NYPD cops that are accused of providing favors in exchange for bribes are preparing to appear in court soon to present a motion to dismiss their cases. According to the New York Post, the accused will use the same US Supreme Court case that was used to exonerate New York City Mayor Bill De Blasio and that will be used in similar corruption cases involving state politicians such as Sheldon Silver and Dean Skelos.
The FBI has been investigating the relationship between several NYPD officials like Corrections officer union president Norman Seabrook and former NYPD Chief of Department Philip Banks and well-placed businessmen Jeremy Reichberg and Jona Rechnitz. The Feds discovered the presence of shady dealings between the men when they wiretapped a dinner that between the aforementioned parties. Their investigation of what they found led them to interrogate 20 cops-including three deputy chiefs and the Head of the Upper East Side’s 19th Precinct according to the New York Post. Specifically, the Feds probed the suspects over gifts and trips that were given to the officers in exchange for favors. The probe also involved a conspiracy between the NYPD officials to purchase and resell liquor at discounted prices in order to generate a profit for themselves.

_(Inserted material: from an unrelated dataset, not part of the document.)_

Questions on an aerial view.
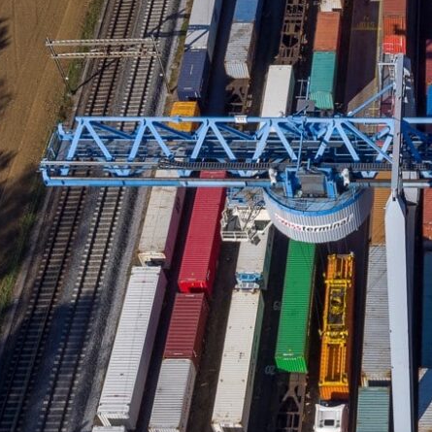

Last Friday, when the officer's case was first heard in Manhattan federal Court, the lawyer for NYPD chief Michael Harrington cited the Supreme Court ruling that deemed that accepting gifts in exchange for favors on “an as-need basis” no longer strictly constituted bribery.
Andrew Weinstein, Harrington’s lawyer, argued that the Feds needed to prove a “quid pro quo of something concrete” according to the New York Post.
Perhaps more concretely, another attorney for the disgraced cops, Marc Fernich argued that “amorphous” favors not directly tied to a gift no longer counted as bribes.
Harrington and James Grant, his alleged accomplice have been accused of accepting trips abroad and home renovations among other things from real-estate investor Jona Rechnitz and his businessman friend Jeremy Reichberg.
In exchange for these pleasantries, and fixing the businessman’s tickets, the NYPD cops and their cronies received free escort services courtesy of their executive friends.
In the famous McDonnell decision cited by a team of the cops team of defense attorneys, in this case, the Supreme Court justices ruled that there was no hard proof had not provided “official acts” in exchange for nearly $165,000 that he received in loans and gifts according to the Post.